Hello Winifred & Welcome to TSF :wave:

This section is dedicated to photograpy rather than video, however, if you visit the Canon USA website, you will be able to download all the manuals and other info on your camera.

Click here to visit Canon USA FS100 Support

You can also download Image Mixer manual from this link too.

I hope that helps

Regards
Donald


----------



## joannakat

*Re: image mixer 3 for Canon FS 100*



DonaldG said:


> Hello Winifred & Welcome to TSF :wave:
> 
> This section is dedicated to photograpy rather than video, however, if you visit the Canon USA website, you will be able to download all the manuals and other info on your camera.
> 
> Click here to visit Canon USA FS100 Support
> 
> You can also download Image Mixer manual from this link too.
> 
> I hope that helps
> 
> Regards
> Donald


Hi Donald,

I have the EXACT problem that the original poster has. Unfortunately, the link you provided only has the pixela installation manual and not the user guide. Can you please refer me to another area of this forum (I'm a newbee) where I might be able to get some more informaiton?

Thanks so much.


----------



## DonaldG

*Re: image mixer 3 for Canon FS 100*

Hi Joannakat - welcome to the Photographer's corner...

If it is the user manual for the FS10/FS11 or FS100, it is on that link I provided...

Look at the 4th item in the Guides & Manuals section:
fs10_Fs11_fs100-manual.pdf

Regards :wave:


----------



## joannakat

*Re: image mixer 3 for Canon FS 100*

Thanks DonaldG, I WISH it was that UG! It's the Pixela ImageMixer UG that we need (ImageMixeXXsavedr.pdf).

Or even better, an alternate software that is compatible with the Canon FS100. Something that can enable transfer of video from flash memory to PC, and has wonderful editing capabilities as well, AND doesn't cause the video to lose quality.

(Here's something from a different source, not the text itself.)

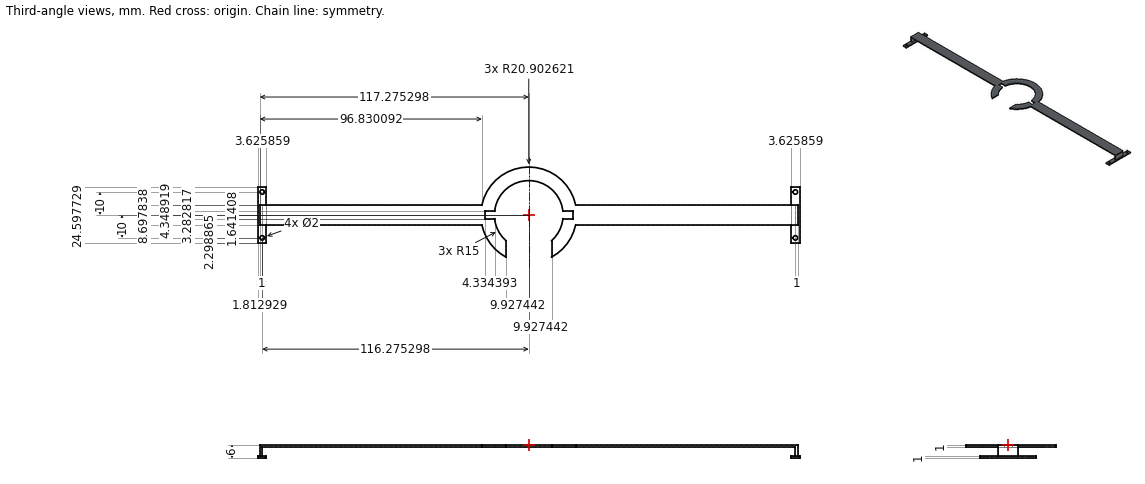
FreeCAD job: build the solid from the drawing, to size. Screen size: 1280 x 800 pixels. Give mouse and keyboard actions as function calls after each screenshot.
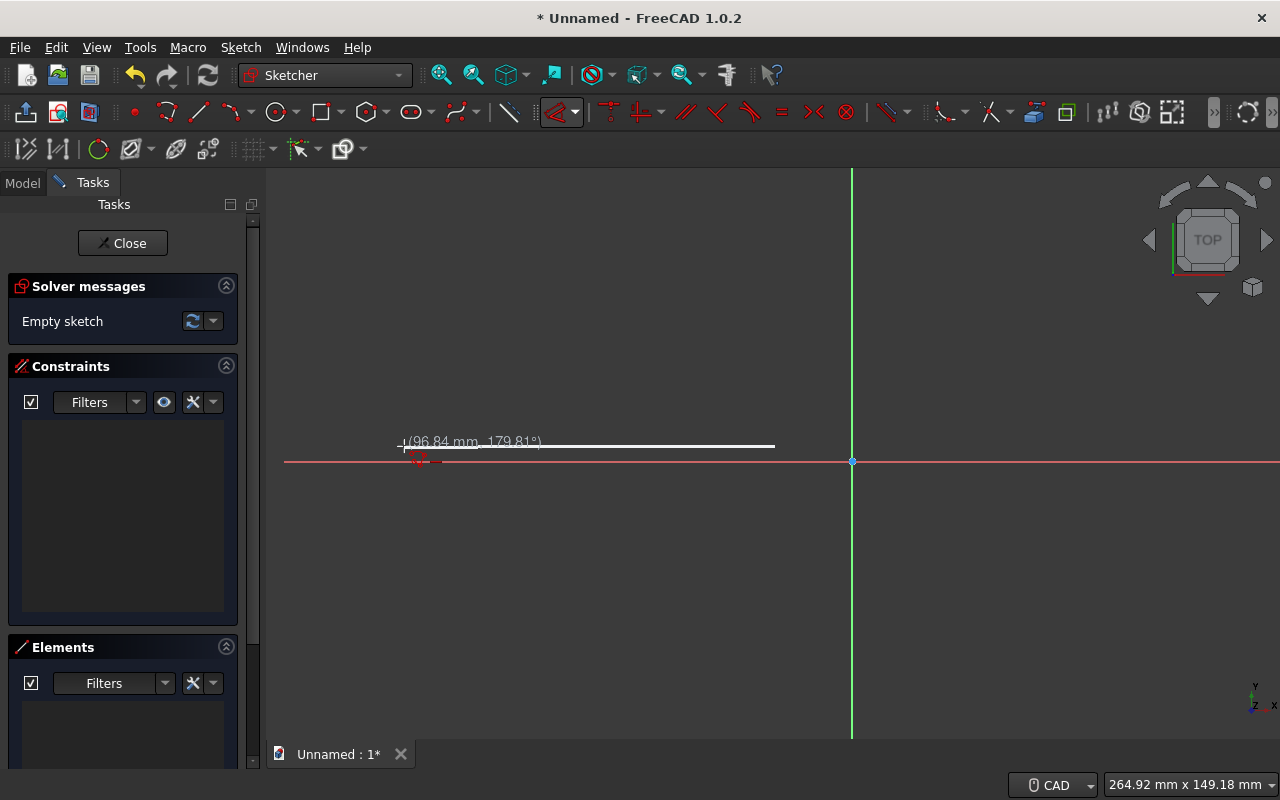
click(403, 445)
click(403, 479)
click(774, 479)
right_click(774, 479)

What I really don't understand is why Canon is willing to bundle software from a company that can't even provide a tested, working PDF! I went to the Pixela site, and they don't offer downloads of their UG, but the most astonishing thing is that they don't have ANY customer service at all! Not even a "contact us" button!

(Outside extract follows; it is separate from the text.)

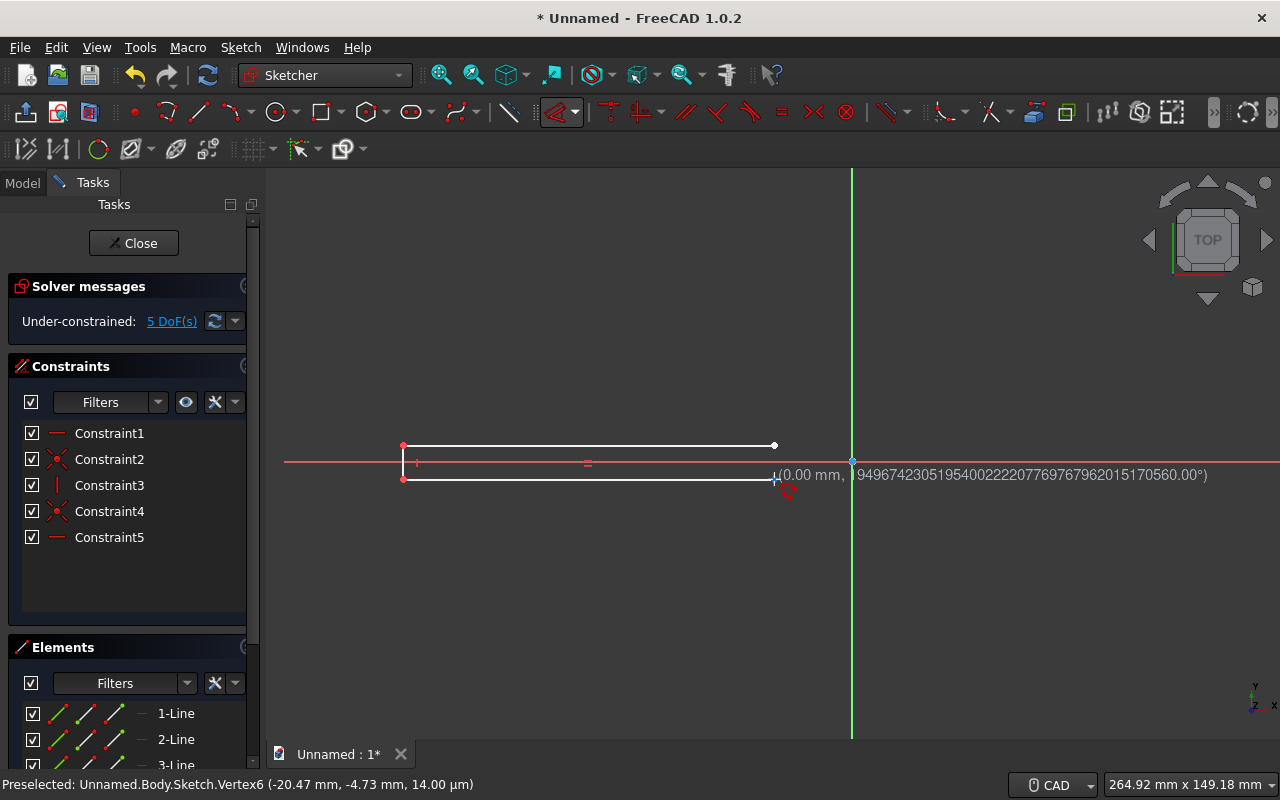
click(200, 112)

Anyway, shere should I post this question? Being new to the TSF, I don't really know. 

Thanks muchly!


----------



## DonaldG

*Re: image mixer 3 for Canon FS 100*

Hello again Joanakat

OK, I was not aware that itwas a Pixela item you needed.

I did go to the Pixela website. The only thing I can think of is to download the manual of the software associated with a different manufactures camera (EG: Sony) The software operation should be basically the same ...? For example, I found this page on the Pixela site here - If you scroll to the bottom of that page, there are UGs which might help in using the software (Working on the basis that once the movie is in the computer, editing etc will be covered....

I note where you are. I have found some Pixela telephone numbers for Europe but not specifically for your country.
Europe: (UK, Germany, France & Spain) +800-1532 4865 (international toll free number)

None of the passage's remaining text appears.